>>

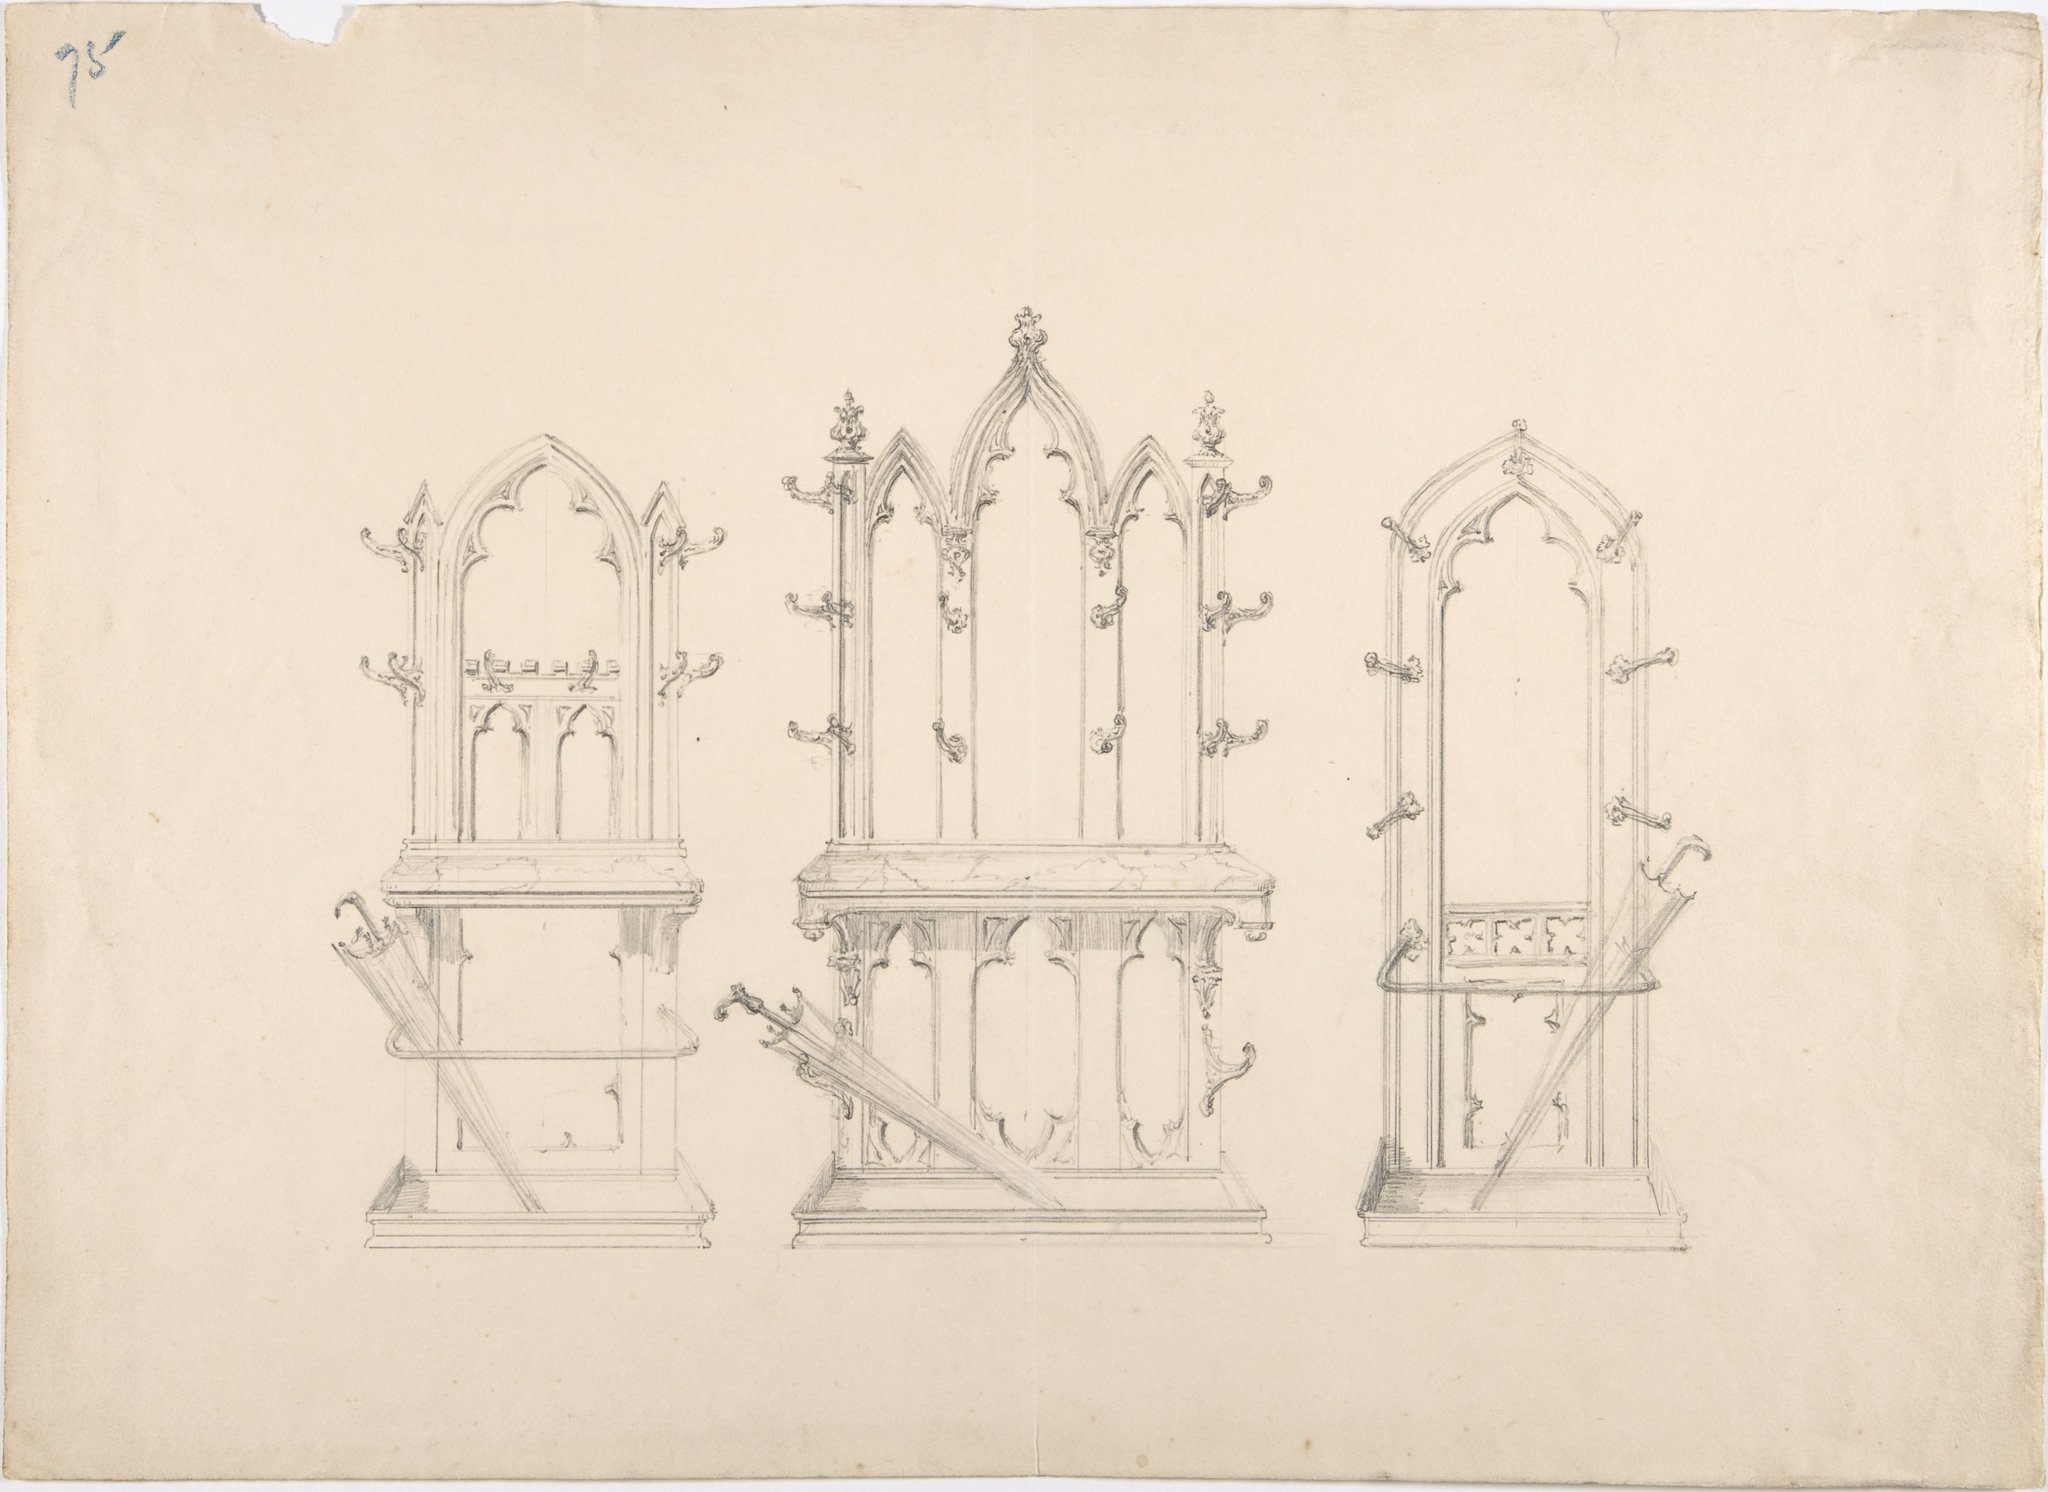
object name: drawing
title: Design for Three Gothic Hat and Umbrella Stands
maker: anonymous, british, 19th century
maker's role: artist
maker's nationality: british
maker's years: 1800-1900
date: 1801-1833
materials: graphite
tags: furniture

<<

• [What is needed]: Please repeat every record above exactly, but leave out the pictures.

• [Response to this exercise]:
object name: drawing
title: Design for Three Gothic Hat and Umbrella Stands
maker: anonymous, british, 19th century
maker's role: artist
maker's nationality: british
maker's years: 1800-1900
date: 1801-1833
materials: graphite
tags: furniture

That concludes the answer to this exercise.